Şimdiye kadarki mücadeleler, daha da büyük mücadelelerin habercisidir. 20. yüzyılda olduğu gibi, kapitalizmin savaşa ve diktatörlüğe dönüşünün doğal sonucu, işçi sınıfının kitlesel devrimci mücadelesidir.

Assange’ın destekçilerinin, demokratik hakları savunacak bir taban bulacakları yer burasıdır. 4 Temmuz’da kutlanan Amerikan Bağımsızlık Bildirgesi de dahil olmak üzere geçmiş mücadelelerin büyük demokratik gelenekleri işçi sınıfının içinde yaşamaktadır.

İşçi sınıfını Assange’ın içinde bulunduğu kötü durumdan haberdar etmek ve harekete geçirmek için her türlü çaba gösterilmelidir. Bu ancak, mücadeleyi kibar çağrılara ve kapalı kapılar ardında lobiciliğe tabi kılma perspektifinin reddedilmesi ile gerçekleşebilir. Biden’ın kovuşturmayı düşürmesi, Britanya’nın Assange’ı derhal serbest bırakması ve Avusturalya hükümetinin onu zulme uğrayan bir yurttaş ve yayıncı olarak savunması talep edilmelidir. Ancak deneyimler gösteriyor ki, bunu ancak aşağıdan bir kitle hareketi tarafından zorlanırlarsa yapacaklardır.
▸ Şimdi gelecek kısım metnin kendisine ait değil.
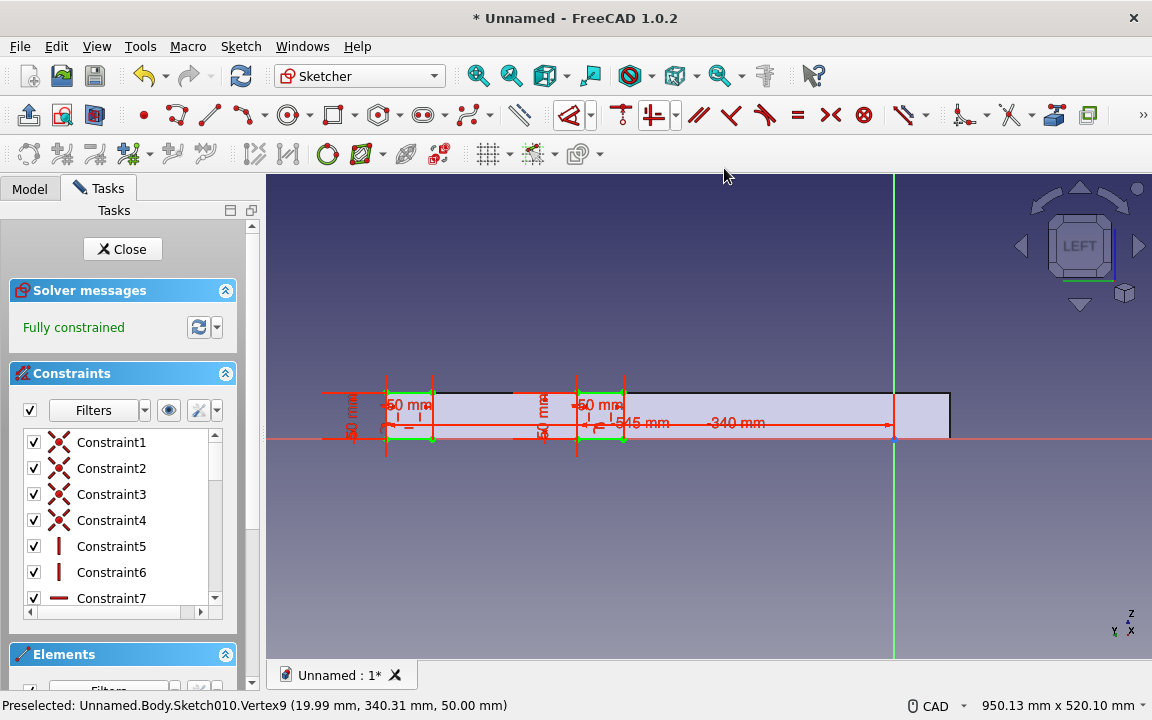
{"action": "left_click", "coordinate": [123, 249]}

Son olarak, Assange davası, içinde bulunduğumuz dönemin önemli sorunlarını gündeme getiriyor. Onun özgürlüğü için verilen mücadele, kapitalist devlete, emperyalist savaşa ve eskinin yıpranmış aristokrasilerine benzeyen bir şirket oligarşisinin toplum üzerindeki egemenliğine karşı verilen bir mücadeledir. Assange’a yönelik zulmün her yönü, bir alternatif için; toplumun devrimci yolla yeniden örgütlenmesi, işçi sınıfının siyasi iktidarı ve gerçek demokrasi için bir mücadelenin gerekliliğini ortaya koyuyor. Nihayetinde bu, kapitalizmin ortadan kaldırılması ve sosyalizmin kurulması için devrimci bir mücadele anlamına geliyor.